As I have a big dataset and only limited computational ressources, I want to make use of aggregated sequence objects for a discrepancy analysis using the R packages TraMineR
and WeightedCluster
. But I struggle to find the right syntax for doing so.
In the example code below you find two discrepancy analyses, the first tree diagramm of the discrepancy analysis uses the original dataset, the second uses aggregated data (that is only unique sequences weighted by their frequencies).
Unfortunately, the results do not match. Do you have any idea why?
Example code
library(TraMineR)
library(WeightedCluster)
## Load example data and assign labels
data(mvad)
mvad.alphabet <- c("employment", "FE", "HE", "joblessness", "school", "training")

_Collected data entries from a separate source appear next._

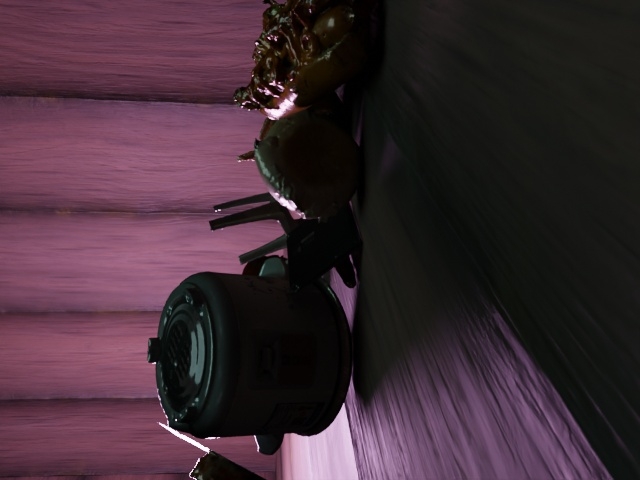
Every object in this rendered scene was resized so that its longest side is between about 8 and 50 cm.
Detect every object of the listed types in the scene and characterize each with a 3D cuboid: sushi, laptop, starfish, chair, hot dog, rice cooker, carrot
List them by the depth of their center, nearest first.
[{"bbox_3d":[-0.034,-0.272,0.970,0.349,0.117,0.158,172,107,-67],"label":"hot dog"},{"bbox_3d":[-0.111,0.393,1.054,0.069,0.320,0.339,-62,-2,-20],"label":"sushi"},{"bbox_3d":[0.000,0.000,1.054,0.016,0.129,0.180,46,-165,-25],"label":"laptop"},{"bbox_3d":[-0.094,0.176,1.069,0.264,0.316,0.317,-13,74,54],"label":"rice cooker"},{"bbox_3d":[0.032,0.029,1.071,0.165,0.035,0.036,-104,16,-60],"label":"carrot"},{"bbox_3d":[-0.073,-0.200,1.317,0.053,0.209,0.150,43,155,31],"label":"starfish"},{"bbox_3d":[-0.074,-0.051,1.385,0.203,0.274,0.191,-112,0,-71],"label":"chair"}]

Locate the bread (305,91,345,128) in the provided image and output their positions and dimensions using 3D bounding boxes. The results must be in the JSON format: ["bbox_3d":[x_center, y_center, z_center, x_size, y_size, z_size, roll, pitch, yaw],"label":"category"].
[{"bbox_3d":[-0.014,-0.173,1.171,0.213,0.104,0.214,-173,90,-75],"label":"bread"}]

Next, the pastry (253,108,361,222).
[{"bbox_3d":[-0.015,-0.108,0.988,0.088,0.165,0.166,123,148,-65],"label":"pastry"}]

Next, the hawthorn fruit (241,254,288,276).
[{"bbox_3d":[-0.114,0.139,1.782,0.185,0.185,0.202,-110,18,-74],"label":"hawthorn fruit"}]
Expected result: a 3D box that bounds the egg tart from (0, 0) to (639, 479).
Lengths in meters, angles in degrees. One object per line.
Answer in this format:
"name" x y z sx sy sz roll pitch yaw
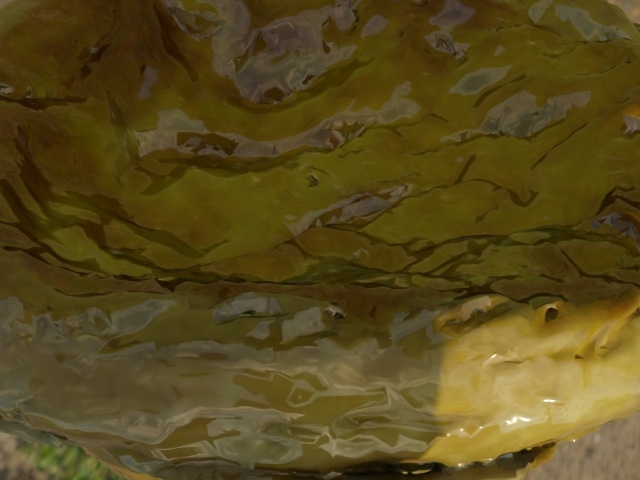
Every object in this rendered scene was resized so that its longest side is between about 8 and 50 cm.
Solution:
"egg tart" -0.001 0.002 0.698 0.341 0.341 0.129 4 120 8
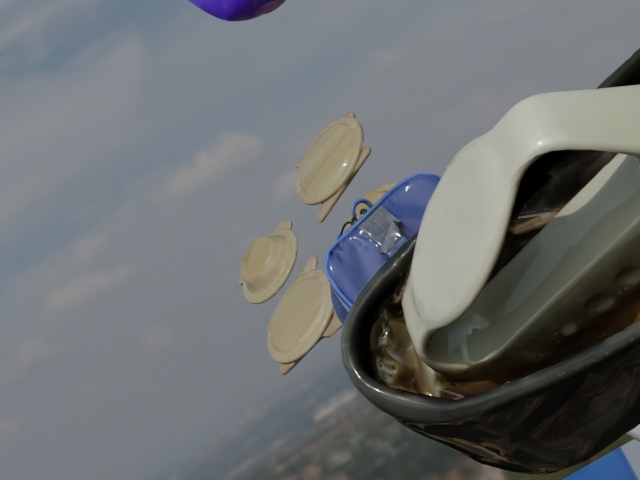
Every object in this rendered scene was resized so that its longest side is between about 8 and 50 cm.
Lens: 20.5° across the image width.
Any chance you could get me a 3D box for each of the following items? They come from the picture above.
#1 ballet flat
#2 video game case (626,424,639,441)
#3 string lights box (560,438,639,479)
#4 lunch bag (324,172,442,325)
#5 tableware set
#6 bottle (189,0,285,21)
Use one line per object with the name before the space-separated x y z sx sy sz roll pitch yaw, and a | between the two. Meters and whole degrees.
ballet flat | 0.102 -0.026 0.430 0.096 0.095 0.280 12 -45 -35
video game case | 0.255 -0.023 0.519 0.036 0.329 0.300 13 -80 -41
string lights box | 0.111 0.201 0.926 0.259 0.077 0.133 -31 -36 7
lunch bag | 0.047 0.020 0.700 0.067 0.098 0.065 -44 -13 -10
tableware set | 0.000 0.000 1.126 0.141 0.020 0.169 -52 31 12
bottle | -0.059 -0.309 1.355 0.092 0.118 0.283 -26 -38 -34
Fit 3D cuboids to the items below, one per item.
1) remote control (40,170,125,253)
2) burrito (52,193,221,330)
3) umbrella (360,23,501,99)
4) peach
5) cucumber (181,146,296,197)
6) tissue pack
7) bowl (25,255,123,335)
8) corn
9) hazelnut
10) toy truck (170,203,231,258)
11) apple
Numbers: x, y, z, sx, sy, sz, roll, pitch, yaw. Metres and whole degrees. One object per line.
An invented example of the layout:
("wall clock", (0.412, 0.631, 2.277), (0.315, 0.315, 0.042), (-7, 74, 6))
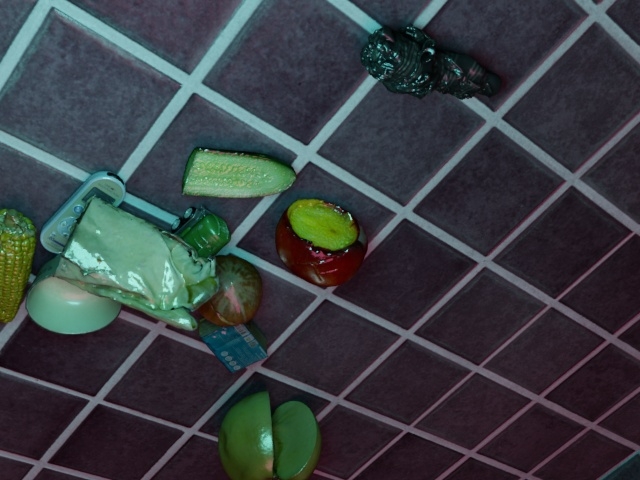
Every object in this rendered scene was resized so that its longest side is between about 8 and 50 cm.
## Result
("remote control", (-0.518, -0.061, 1.668), (0.244, 0.047, 0.087), (-41, 123, 19))
("burrito", (-0.383, 0.066, 1.621), (0.332, 0.190, 0.135), (27, 145, -9))
("umbrella", (0.247, -0.347, 1.566), (0.337, 0.154, 0.128), (14, 132, -23))
("peach", (0.000, 0.000, 1.761), (0.190, 0.196, 0.226), (-51, 132, -16))
("cucumber", (-0.175, -0.149, 1.673), (0.244, 0.063, 0.115), (6, 120, -19))
("tissue pack", (-0.223, 0.251, 1.968), (0.120, 0.082, 0.169), (-26, 130, 8))
("bowl", (-0.558, 0.109, 1.747), (0.211, 0.112, 0.211), (-7, 131, -8))
("corn", (-0.691, 0.059, 1.673), (0.119, 0.119, 0.322), (8, 126, -20))
("hazelnut", (-0.214, 0.113, 1.812), (0.182, 0.182, 0.182), (-7, 129, -9))
("toy truck", (-0.306, 0.026, 1.742), (0.242, 0.125, 0.101), (-40, 128, 19))
("apple", (-0.140, 0.570, 2.137), (0.292, 0.254, 0.292), (-5, 132, -6))
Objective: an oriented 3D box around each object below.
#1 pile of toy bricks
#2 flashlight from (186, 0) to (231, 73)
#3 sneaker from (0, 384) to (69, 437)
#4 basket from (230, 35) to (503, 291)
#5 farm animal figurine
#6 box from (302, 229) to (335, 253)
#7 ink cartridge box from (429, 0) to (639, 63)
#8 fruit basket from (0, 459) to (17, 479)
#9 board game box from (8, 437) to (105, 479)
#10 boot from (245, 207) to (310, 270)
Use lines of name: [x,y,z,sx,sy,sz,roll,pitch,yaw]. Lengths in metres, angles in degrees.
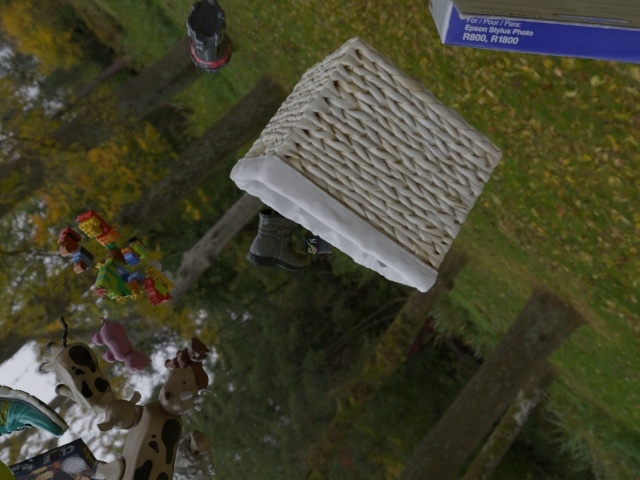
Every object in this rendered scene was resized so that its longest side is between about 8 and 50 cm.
pile of toy bricks: [-0.357,0.056,1.060,0.212,0.118,0.105,52,-157,-39]
flashlight: [-0.246,-0.455,1.377,0.103,0.103,0.304,60,173,-5]
sneaker: [-0.677,0.378,1.334,0.275,0.110,0.107,16,151,3]
basket: [0.060,-0.125,1.053,0.331,0.266,0.328,32,177,-16]
farm animal figurine: [-0.297,0.295,1.056,0.172,0.327,0.330,-6,170,40]
box: [0.000,0.000,1.821,0.083,0.052,0.062,-4,118,27]
ink cartridge box: [0.321,-0.295,0.834,0.330,0.324,0.072,-81,-4,-57]
fruit basket: [-0.440,0.403,0.771,0.282,0.392,0.392,24,-172,-28]
board game box: [-0.558,0.506,1.238,0.042,0.243,0.165,-118,7,-57]
boot: [-0.093,-0.004,1.749,0.083,0.161,0.246,30,-166,37]
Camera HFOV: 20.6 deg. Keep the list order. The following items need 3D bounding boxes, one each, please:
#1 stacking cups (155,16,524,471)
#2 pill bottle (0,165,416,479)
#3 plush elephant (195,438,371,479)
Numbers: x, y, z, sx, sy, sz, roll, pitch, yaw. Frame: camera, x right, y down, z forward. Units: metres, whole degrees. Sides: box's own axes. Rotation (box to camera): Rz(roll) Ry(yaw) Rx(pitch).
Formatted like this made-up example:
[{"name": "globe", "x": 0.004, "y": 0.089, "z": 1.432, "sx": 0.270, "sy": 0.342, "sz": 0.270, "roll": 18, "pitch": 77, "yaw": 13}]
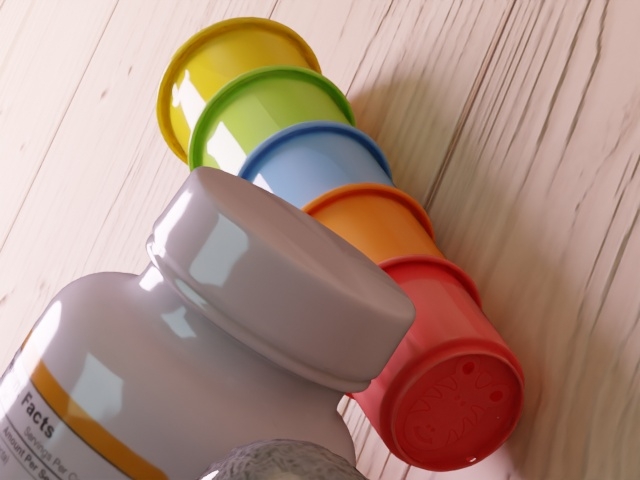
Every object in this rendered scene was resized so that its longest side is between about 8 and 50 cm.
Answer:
[{"name": "stacking cups", "x": 0.000, "y": 0.000, "z": 0.826, "sx": 0.096, "sy": 0.096, "sz": 0.316, "roll": -51, "pitch": 32, "yaw": 15}, {"name": "pill bottle", "x": -0.072, "y": 0.099, "z": 0.680, "sx": 0.245, "sy": 0.136, "sz": 0.136, "roll": -56, "pitch": 29, "yaw": 10}, {"name": "plush elephant", "x": -0.029, "y": 0.265, "z": 0.498, "sx": 0.330, "sy": 0.255, "sz": 0.272, "roll": -37, "pitch": -25, "yaw": -25}]
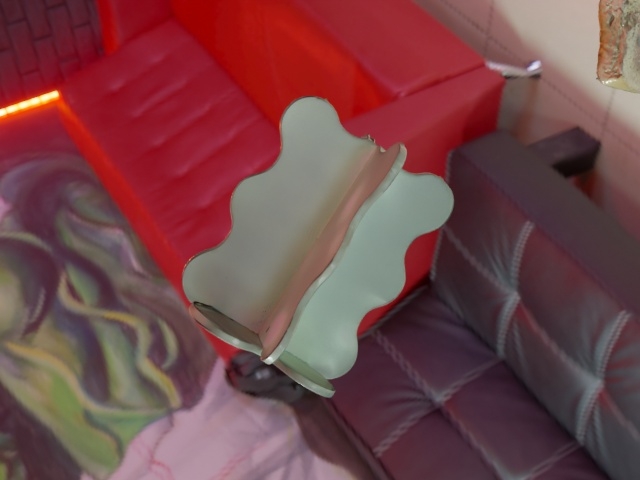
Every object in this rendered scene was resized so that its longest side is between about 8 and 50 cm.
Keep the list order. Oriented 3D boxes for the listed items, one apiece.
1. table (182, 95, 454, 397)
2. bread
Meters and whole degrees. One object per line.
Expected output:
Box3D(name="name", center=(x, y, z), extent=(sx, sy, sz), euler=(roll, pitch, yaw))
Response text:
Box3D(name="table", center=(0.000, 0.000, 0.798), extent=(0.166, 0.198, 0.166), euler=(33, -177, -2))
Box3D(name="bread", center=(0.250, -0.164, 0.797), extent=(0.035, 0.070, 0.083), euler=(7, 93, 39))
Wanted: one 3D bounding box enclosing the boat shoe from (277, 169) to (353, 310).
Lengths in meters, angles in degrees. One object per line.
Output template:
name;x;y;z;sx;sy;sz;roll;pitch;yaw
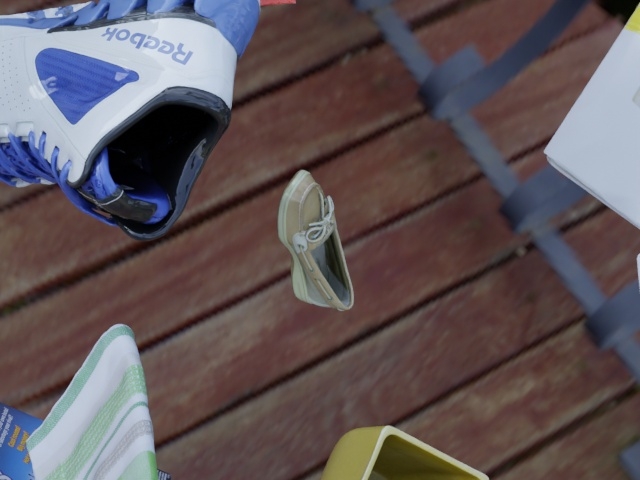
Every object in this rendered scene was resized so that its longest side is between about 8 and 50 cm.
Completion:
boat shoe;-0.001;0.002;1.696;0.048;0.153;0.056;20;51;24

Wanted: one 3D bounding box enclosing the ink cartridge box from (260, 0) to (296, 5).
ink cartridge box;-0.079;-0.230;1.765;0.115;0.063;0.029;-6;21;-4

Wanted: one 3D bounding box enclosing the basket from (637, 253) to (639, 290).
basket;0.372;0.083;1.833;0.113;0.103;0.167;-3;84;-32

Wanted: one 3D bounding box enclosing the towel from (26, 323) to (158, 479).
towel;-0.133;0.129;1.147;0.023;0.113;0.152;23;25;-24

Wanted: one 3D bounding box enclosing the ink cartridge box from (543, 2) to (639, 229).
ink cartridge box;0.429;-0.193;1.961;0.160;0.385;0.279;41;22;25

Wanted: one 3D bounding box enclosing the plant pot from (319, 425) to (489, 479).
plant pot;0.036;0.159;1.203;0.081;0.083;0.081;29;78;-24

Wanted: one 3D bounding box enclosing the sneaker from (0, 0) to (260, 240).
sneaker;-0.192;-0.084;1.520;0.127;0.315;0.182;45;34;-45

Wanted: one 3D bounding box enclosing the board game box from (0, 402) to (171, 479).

mvad.labels <- c("Employment", "Further Education", "Higher Education",
"Joblessness", "School", "Training")
mvad.scodes <- c("EM", "FE", "HE", "JL", "SC", "TR")
## Aggregate example data
mvad.agg <- wcAggregateCases(mvad[, 17:86], weights=mvad$weight)
mvad.agg
## Define sequence object
mvad.seq <- seqdef(mvad[, 17:86], alphabet=mvad.alphabet, states=mvad.scodes,
labels=mvad.labels, weights=mvad$weight, xtstep=6)
mvad.agg.seq <- seqdef(mvad[mvad.agg$aggIndex, 17:86], alphabet=mvad.alphabet,
states=mvad.scodes, labels=mvad.labels,
weights=mvad.agg$aggWeights, xtstep=6)
## Computing OM dissimilarities
mvad.dist <- seqdist(mvad.seq, method="OM", indel=1.5, sm="CONSTANT")
mvad.agg.dist <- seqdist(mvad.agg.seq, method="OM", indel=1.5, sm="CONSTANT")
## Discrepancy analysis
tree <- seqtree(mvad.seq ~ gcse5eq + Grammar + funemp,
data=mvad, diss=mvad.dist, weight.permutation="diss")
seqtreedisplay(tree, type="d", border=NA)
tree.agg <- seqtree(mvad.agg.seq ~ gcse5eq + Grammar + funemp,
data=mvad[mvad.agg$aggIndex, ], diss=mvad.agg.dist,
weight.permutation="diss")
seqtreedisplay(tree.agg, type="d", border=NA)
This question is related to big data and the computation of sequence distances.